Let's see how messy it gets...

$\dfrac{dy}{dx}=\dfrac{(1-10x)(\sqrt{x^2+2})5x^4 -(x^5)(-10)(\sqrt{x^2+2})-x^5(1-10x)\frac{1}{2}(x^2+2)^{-\frac{1}{2}}2x}{[(1-10x)(\sqrt{x^2+2})]^2}$

$\dfrac{dy}{dx}=\dfrac{5x^4(1-10x)(x^2+2)+(10x^5(x^2+2))-x^6(1-10x)}{\sqrt{x^2+2}}⋅\dfrac{1}{[(1-10x)(\sqrt{x^2+2})]^2}$$\dfrac{dy}{dx}=\dfrac{5x^4(1-10x)(x^2+2)+(10x^5(x^2+2))-x^6(1-10x)}{\sqrt{x^2+2}}⋅\dfrac{1}{[(1-10x)^2(\sqrt{x^2+2})^2]}$

$\dfrac{dy}{dx}=\dfrac{5x^4(1-10x)(x^2+2)+(10x^5(x^2+2))-x^6(1-10x)}{[(1-10x)^2(\sqrt{x^2+2})^3]}$

$\dfrac{dy}{dx}=\dfrac{5x^4}{(1-10x)\sqrt{x^2+2}}+\dfrac{10x^5}{[(1-10x)^2\sqrt{x^2+2}}-\dfrac{x^6}{[(1-10x)\sqrt{x^2+2})^3]}$

Factoring out $\dfrac{1}{(1-10x)\sqrt{x^2+2}}$ will give the desired result.

Bingo!!

 

[fresh_42]

This is definitely a case for WA:
https://www.wolframalpha.com/input?i=y=x^5/((1-10x)root(x^2+2))

 

[Mark44]

Let's see how messy it gets...

$\dfrac{dy}{dx}=\dfrac{(1-10x)(\sqrt{x^2+2})5x^4 -(x^5)(-10x)(\sqrt{x^2+2})-x^5(1-10x)\frac{1}{2}(x^2+2)^{-\frac{1}{2}}2x}{[(1-10x)(\sqrt{x^2+2})]^2}$

$\dfrac{dy}{dx}=\dfrac{5x^4(1-10x)(x^2+2)+(10x^6(x^2+2))-x^6(1-10x)}{\sqrt{x^2+2}}⋅\dfrac{1}{[(1-10x)(\sqrt{x^2+2})]^2}$

$\dfrac{dy}{dx}=\dfrac{5x^4(1-10x)(x^2+2)+(10x^6(x^2+2))-x^6(1-10x)}{\sqrt{x^2+2}}⋅\dfrac{1}{[(1-10x)^2(\sqrt{x^2+2})^2]}$

checking latex a minute

That's pretty messy.

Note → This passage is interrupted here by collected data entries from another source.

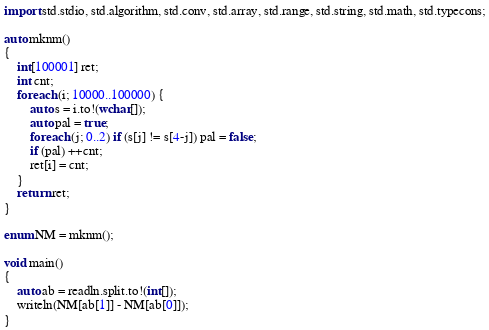Convert code to text. <code><loc_0><loc_0><loc_500><loc_500><_D_>import std.stdio, std.algorithm, std.conv, std.array, std.range, std.string, std.math, std.typecons;

auto mknm()
{
    int[100001] ret;
    int cnt;
    foreach (i; 10000..100000) {
        auto s = i.to!(wchar[]);
        auto pal = true;
        foreach (j; 0..2) if (s[j] != s[4-j]) pal = false;
        if (pal) ++cnt;
        ret[i] = cnt;
    }
    return ret;
}

enum NM = mknm();

void main()
{
    auto ab = readln.split.to!(int[]);
    writeln(NM[ab[1]] - NM[ab[0]]);
}</code> 
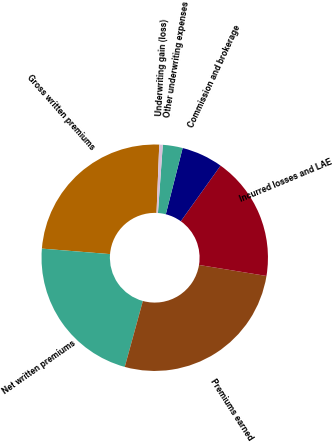Convert chart to OTSL. <chart><loc_0><loc_0><loc_500><loc_500><pie_chart><fcel>Gross written premiums<fcel>Net written premiums<fcel>Premiums earned<fcel>Incurred losses and LAE<fcel>Commission and brokerage<fcel>Other underwriting expenses<fcel>Underwriting gain (loss)<nl><fcel>24.35%<fcel>22.02%<fcel>26.69%<fcel>17.7%<fcel>5.91%<fcel>2.83%<fcel>0.5%<nl></chart> 
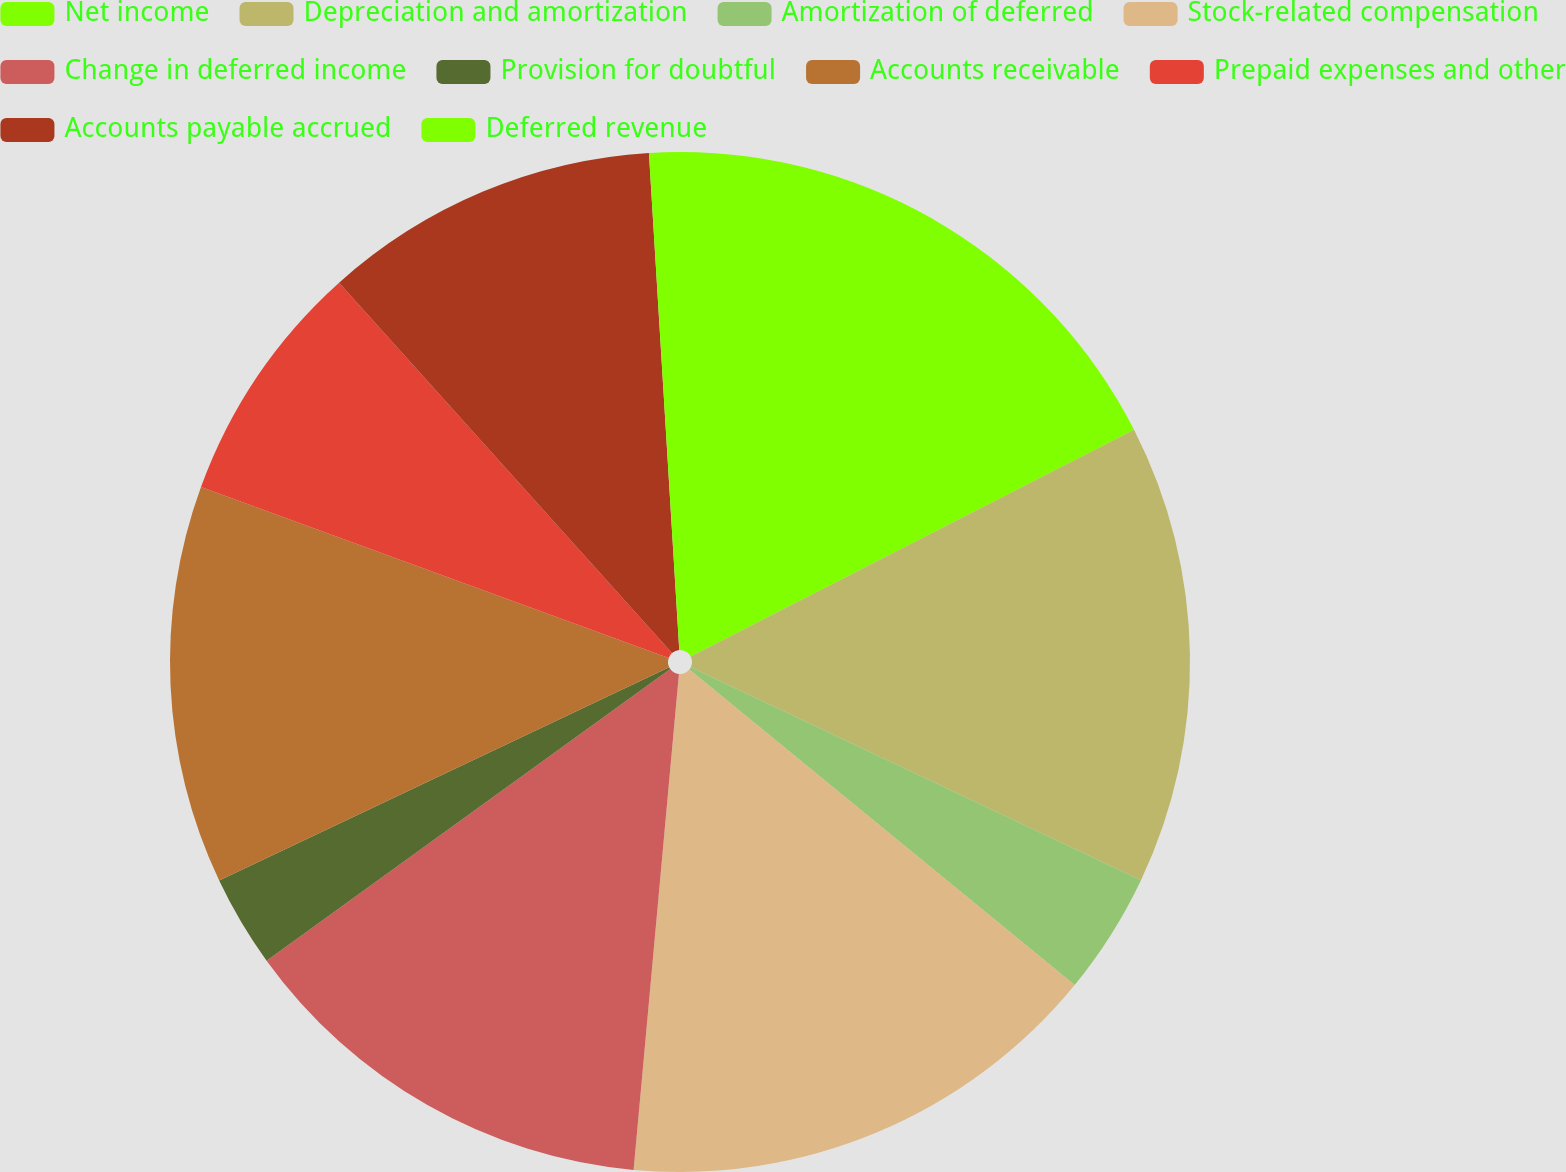<chart> <loc_0><loc_0><loc_500><loc_500><pie_chart><fcel>Net income<fcel>Depreciation and amortization<fcel>Amortization of deferred<fcel>Stock-related compensation<fcel>Change in deferred income<fcel>Provision for doubtful<fcel>Accounts receivable<fcel>Prepaid expenses and other<fcel>Accounts payable accrued<fcel>Deferred revenue<nl><fcel>17.47%<fcel>14.56%<fcel>3.88%<fcel>15.53%<fcel>13.59%<fcel>2.91%<fcel>12.62%<fcel>7.77%<fcel>10.68%<fcel>0.97%<nl></chart>

The logarithmic differentiation that was recommended seems to be a lot simpler.

 

[chwala]

That's pretty messy. The logarithmic differentiation that was recommended seems to be a lot simpler.

True...just a little exercise for the brain...

 

[pasmith]

I'd just like to note that, in the proposed solution by taking logs before differentiating, one should first simplify $\ln(x^5) = 5 \ln x$ and $\ln(\sqrt{x^2 + 2}) = \frac12\ln(x^2 + 2)$ before taking the derivative, thereby saving an application of the chain rule.